今週から東西ともに舞台を移し、中山では春競馬の開幕を告げる「中山記念」が行われる。近年まれに見る豪華メンバーで、馬券的には難解な一戦だ。一方、阪神の「阪急杯」は、過去4年で【3】【1】【3】【4】着のサンカルロが妙味!
3月に入って中山、阪神に開催が移る。桜花賞、皐月賞へ向けてのクラシックシーズンの本格的な到来である。と同時に、古馬陣の動きも活発化してきた。
中山開催最初の重賞は、4歳上古馬による伝統の一戦、中山記念である。
マイル(安田記念)を目指す馬、長距離(天皇賞)に目を向ける馬も散見できるが、中距離路線を歩む一流どころが今回も顔を連ねてきた。
とにかく顔ぶれがいい。昨年の1、2着ナカヤマナイト、ダイワファルコンを筆頭に、昨秋の天皇賞馬ジャスタウェイ、マイルCS2着ダイワマッジョーレ、桜花賞馬アユサン、皐月賞馬ロゴタイプ、そして目下4連勝と勢いに乗るアルキメデス、AJCCの覇者ヴェルデグリーンと役者がそろっている。まさにファン必見、見応え満点の重賞と言っていいだろう。
人気は、どうだろう。前述した馬に加え、1800メートルが得意なカレンミロティック、香港C2着トウケイヘイローといった有力どころということになるか。いずれにしても、かなり激しいレース、混戦模様になると見てよさそうだ。
難解だが、有力どころはレース間隔が開いただけに生きのいい上がり馬に目をつけてみた。
最も期待を寄せたいのは、エアソミュールだ。目下連勝中で、その勢いを買っての狙いだ。
前走の白富士Sは、強いの一語だった。4カ月ぶりのディセンバーSを勝って臨んだもの。“2走ボケ”の心配もなくはなかったが、蓋を開ければ終始3番手の好位につけ、2着アロマカフェに2馬身の差をつけての完勝だった。
一線級は顔を連ねてはいなかったものの、それまで左回りはどうかと不安視されていた馬だけに、この勝利は価値あるものと見ていいのではないか。
手綱を取る名手・戸崎騎手は「乗りやすく、自在に動ける」と称賛しており、心身ともに、たくましく成長してきたことも強調していい。
当初は気性難があって、調教では動くものの、それが実戦に結び付かないでいた。その難点が解消されたことが、このところの好成績につながったのは間違いあるまい。
「馬体に幅が出て、最近はドッシリと構えている。落ち着きが出たのもプラス」
と、厩舎スタッフが口をそろえるところからして、ここにきての充実ぶりがうかがい知れよう。

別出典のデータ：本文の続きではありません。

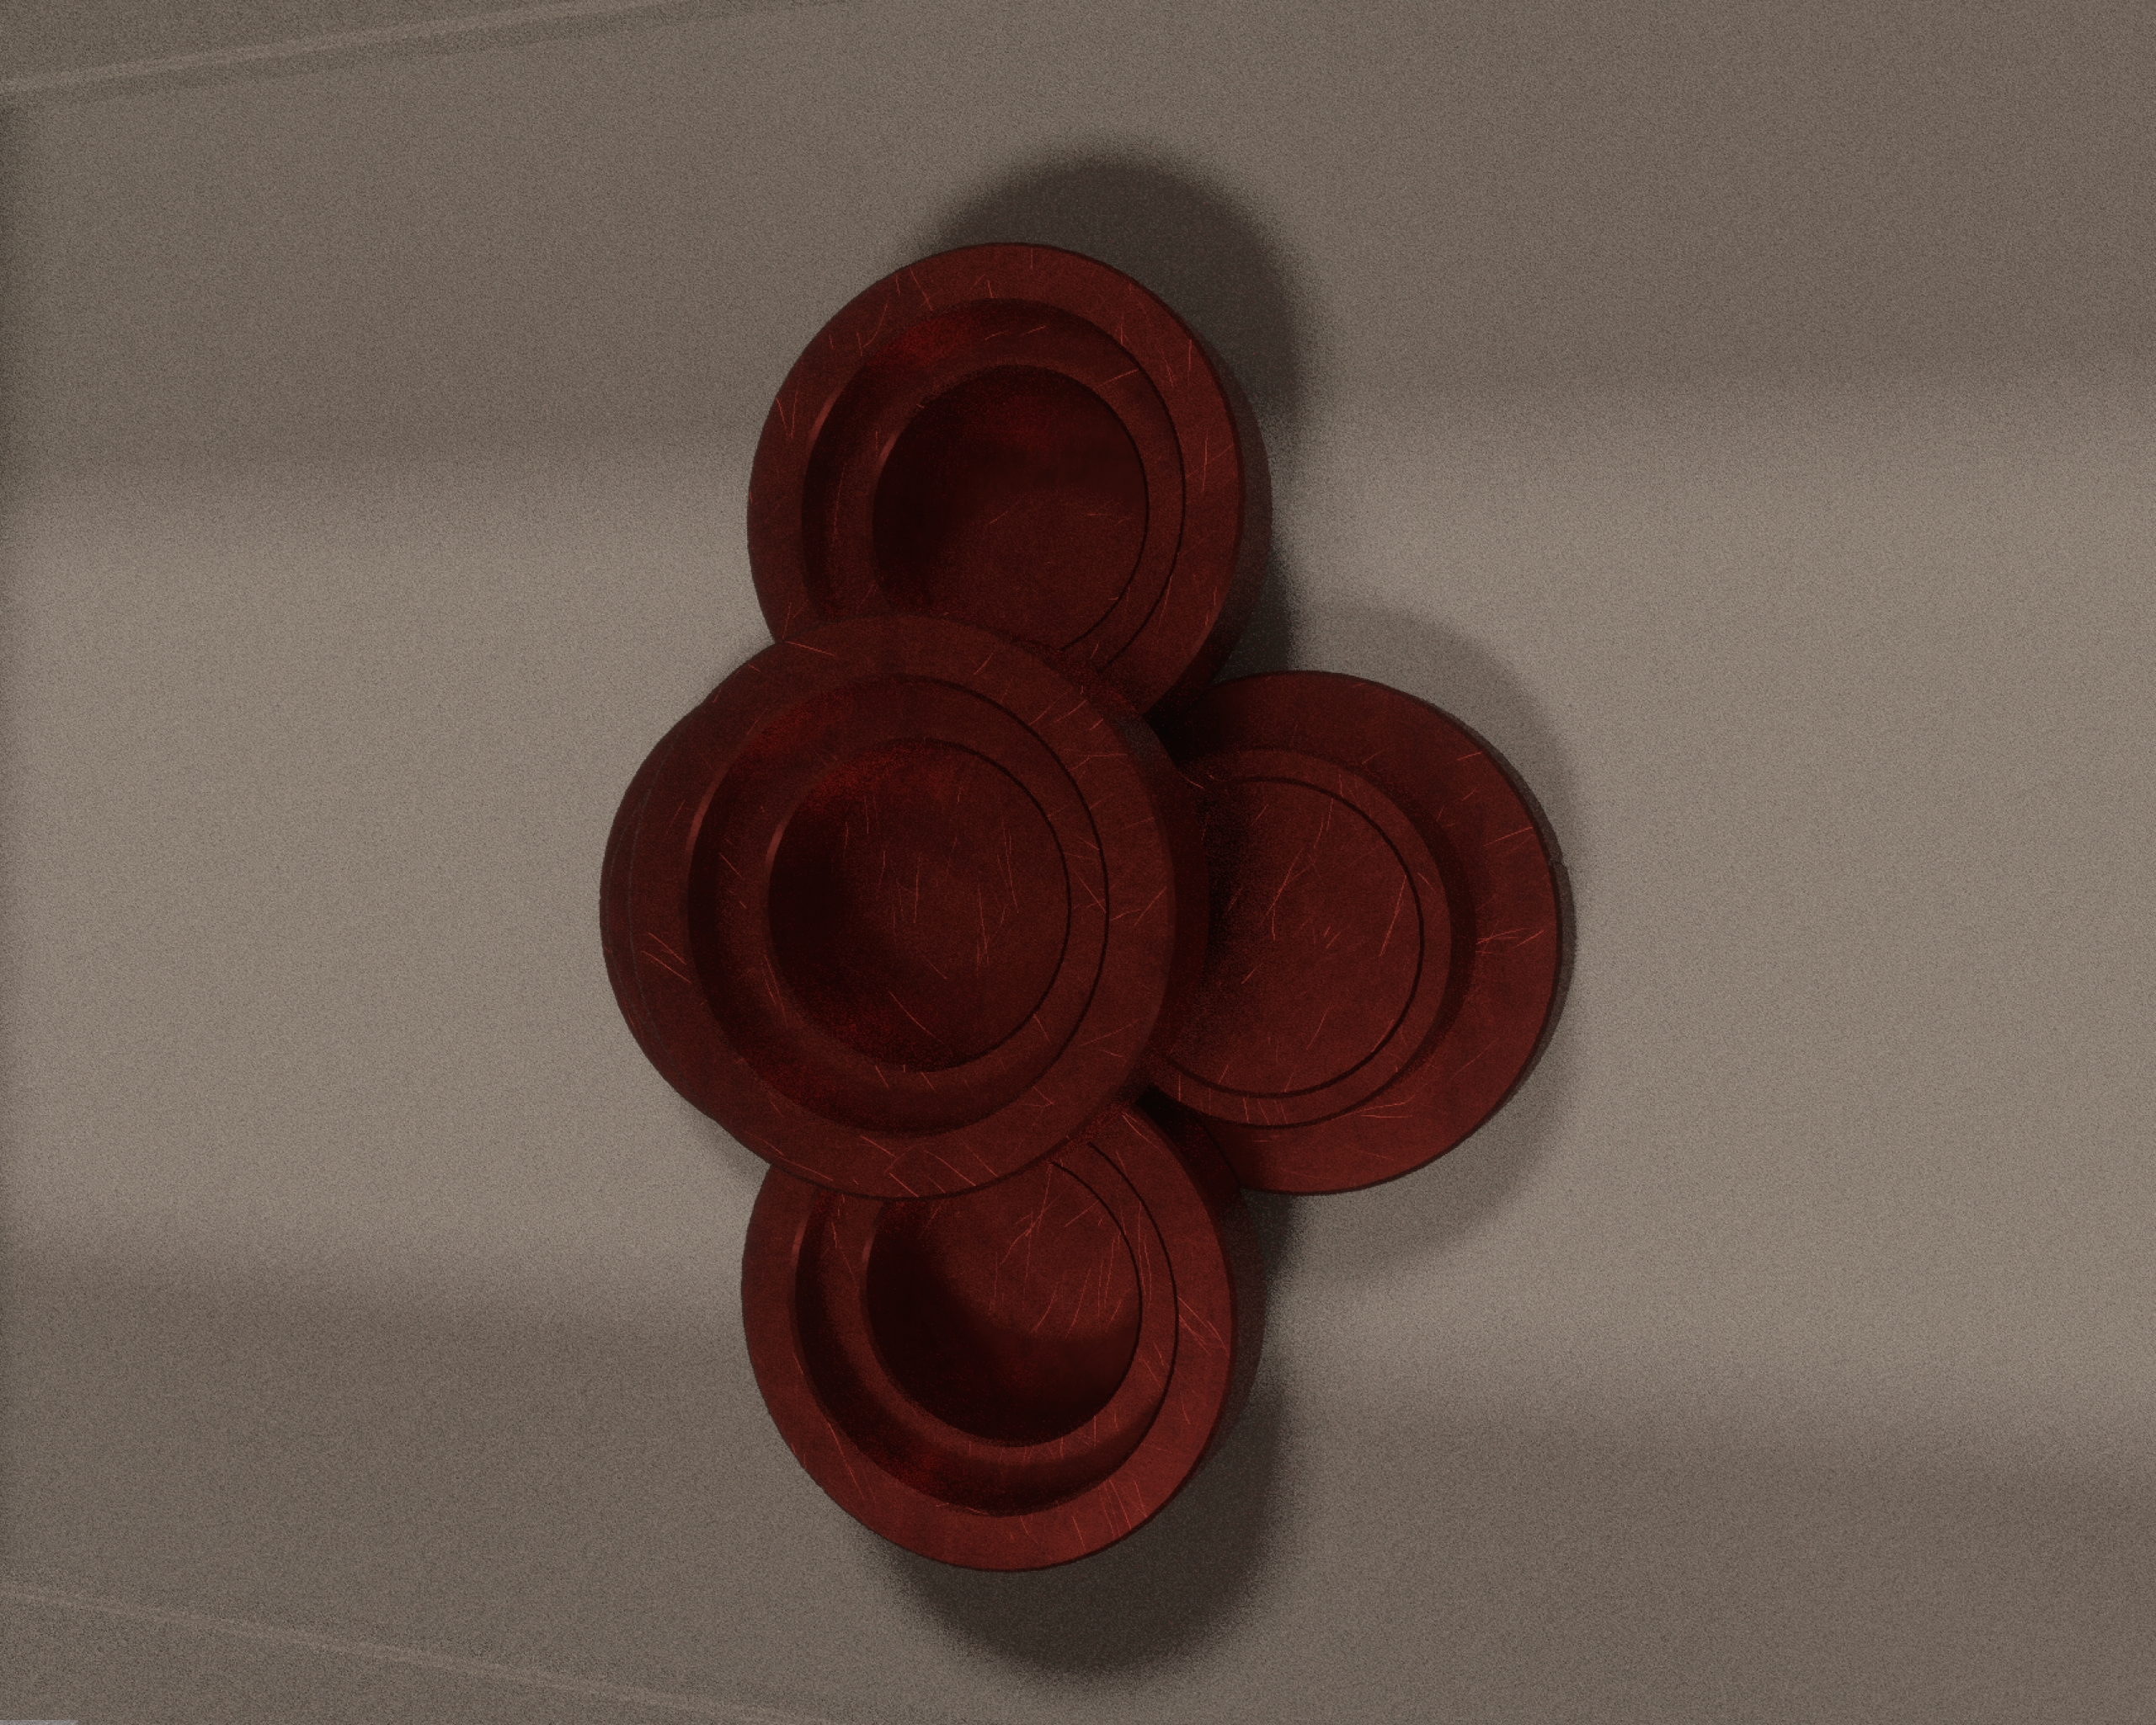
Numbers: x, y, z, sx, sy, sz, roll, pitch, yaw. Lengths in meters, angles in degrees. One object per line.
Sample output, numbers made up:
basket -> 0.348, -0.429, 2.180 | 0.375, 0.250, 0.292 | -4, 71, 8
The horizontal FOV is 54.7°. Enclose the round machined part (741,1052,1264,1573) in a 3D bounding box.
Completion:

ならば、この強敵相手でも初重賞制覇のチャンスは十分あっていい。
マイルから2200メートルまで勝ち鞍がある文字どおりの中距離ランナーだが、最も得意なのは、この1800メートル戦(8勝中4勝)。しかも以前から“右利き”(8勝中7勝が右回り)と言われ続けていた馬。それに、前走から1キロ軽い56キロでの競馬。好走できる条件はそろっている。

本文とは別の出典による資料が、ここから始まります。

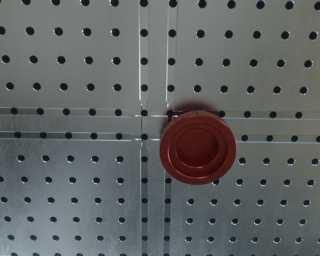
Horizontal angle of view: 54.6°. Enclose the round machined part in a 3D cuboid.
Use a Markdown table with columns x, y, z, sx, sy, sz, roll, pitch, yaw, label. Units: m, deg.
| x | y | z | sx | sy | sz | roll | pitch | yaw | label |
| --- | --- | --- | --- | --- | --- | --- | --- | --- | --- |
| 0.049 | 0.023 | 0.413 | 0.099 | 0.042 | 0.097 | 0 | 110 | 0 | round machined part |
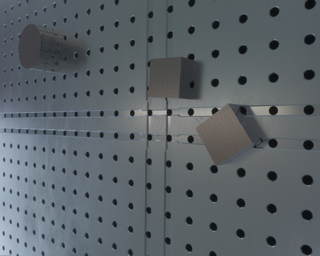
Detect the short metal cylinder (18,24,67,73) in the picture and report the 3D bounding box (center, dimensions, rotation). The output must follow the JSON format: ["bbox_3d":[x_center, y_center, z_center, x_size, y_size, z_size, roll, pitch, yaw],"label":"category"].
[{"bbox_3d":[-0.218,-0.146,0.573,0.080,0.050,0.079,0,90,40],"label":"short metal cylinder"}]

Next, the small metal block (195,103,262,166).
[{"bbox_3d":[0.076,0.008,0.347,0.050,0.025,0.050,-40,66,32],"label":"small metal block"}]

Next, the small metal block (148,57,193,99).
[{"bbox_3d":[0.013,-0.063,0.399,0.050,0.025,0.050,6,94,39],"label":"small metal block"}]
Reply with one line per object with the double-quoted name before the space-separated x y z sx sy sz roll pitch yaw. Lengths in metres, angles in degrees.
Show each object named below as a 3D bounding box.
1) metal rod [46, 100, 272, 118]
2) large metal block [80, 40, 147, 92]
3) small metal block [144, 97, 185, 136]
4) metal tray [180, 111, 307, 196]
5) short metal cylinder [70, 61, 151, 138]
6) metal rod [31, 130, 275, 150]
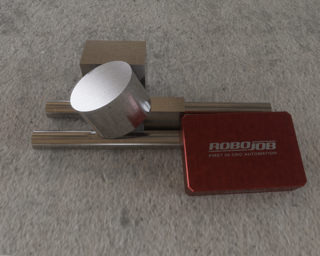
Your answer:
"metal rod" -0.002 -0.024 0.425 0.302 0.025 0.025 1 50 0
"large metal block" -0.059 -0.073 0.430 0.081 0.080 0.050 1 50 0
"small metal block" 0.005 -0.014 0.399 0.050 0.050 0.025 1 50 0
"metal tray" 0.092 0.029 0.360 0.131 0.030 0.090 -2 68 -4
"short metal cylinder" -0.058 -0.034 0.370 0.080 0.050 0.080 -16 46 17
"metal rod" -0.006 0.015 0.392 0.302 0.025 0.025 0 50 -1
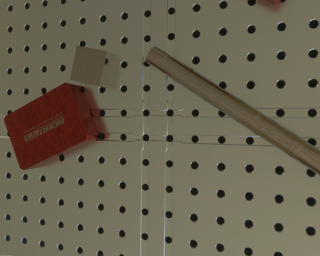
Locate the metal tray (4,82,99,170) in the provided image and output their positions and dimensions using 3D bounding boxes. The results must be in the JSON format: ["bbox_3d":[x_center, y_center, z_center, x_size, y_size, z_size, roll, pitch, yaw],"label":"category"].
[{"bbox_3d":[-0.166,-0.001,0.469,0.130,0.030,0.090,-24,82,18],"label":"metal tray"}]

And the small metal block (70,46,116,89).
[{"bbox_3d":[-0.097,-0.087,0.447,0.050,0.025,0.050,14,95,19],"label":"small metal block"}]

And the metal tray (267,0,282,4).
[{"bbox_3d":[0.111,-0.221,0.371,0.130,0.030,0.090,36,101,16],"label":"metal tray"}]

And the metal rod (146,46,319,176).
[{"bbox_3d":[0.106,-0.014,0.374,0.300,0.025,0.025,36,102,16],"label":"metal rod"}]
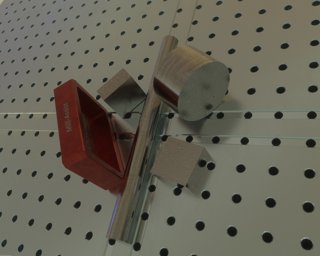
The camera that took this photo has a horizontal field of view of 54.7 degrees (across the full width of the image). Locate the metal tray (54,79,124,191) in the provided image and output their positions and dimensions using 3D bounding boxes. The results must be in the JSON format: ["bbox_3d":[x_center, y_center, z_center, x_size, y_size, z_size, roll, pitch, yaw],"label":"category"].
[{"bbox_3d":[-0.093,0.008,0.408,0.030,0.090,0.130,-29,52,10],"label":"metal tray"}]

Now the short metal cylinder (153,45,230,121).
[{"bbox_3d":[0.039,-0.055,0.385,0.080,0.080,0.050,-44,51,-3],"label":"short metal cylinder"}]

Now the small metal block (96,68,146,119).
[{"bbox_3d":[-0.054,-0.049,0.448,0.050,0.050,0.025,-41,51,0],"label":"small metal block"}]

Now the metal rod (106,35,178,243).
[{"bbox_3d":[-0.017,-0.003,0.417,0.025,0.025,0.300,0,61,28],"label":"metal rod"}]

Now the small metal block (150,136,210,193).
[{"bbox_3d":[0.024,0.043,0.369,0.050,0.025,0.050,16,70,34],"label":"small metal block"}]

ならば期待していい。エアデジャヴー(オークス2着、桜花賞、秋華賞3着)、エアメサイア(秋華賞勝ち)、エアシャカール(最優秀3歳牡馬=皐月賞、菊花賞勝ち)など近親に活躍馬がズラリといる良血だからだ。良馬場条件に大きく狙ってみたい。
連下は前述した有力どころということになるが、中でも厚めに買いたいのがダイワマッジョーレだ。2カ月半ぶりの実戦になるが、ここを目標に乗り込み豊富。1週前の坂路での追い切りも実にリズミカルだった。走りっぷりから道悪は上手。一雨くれば大勢逆転があっていい。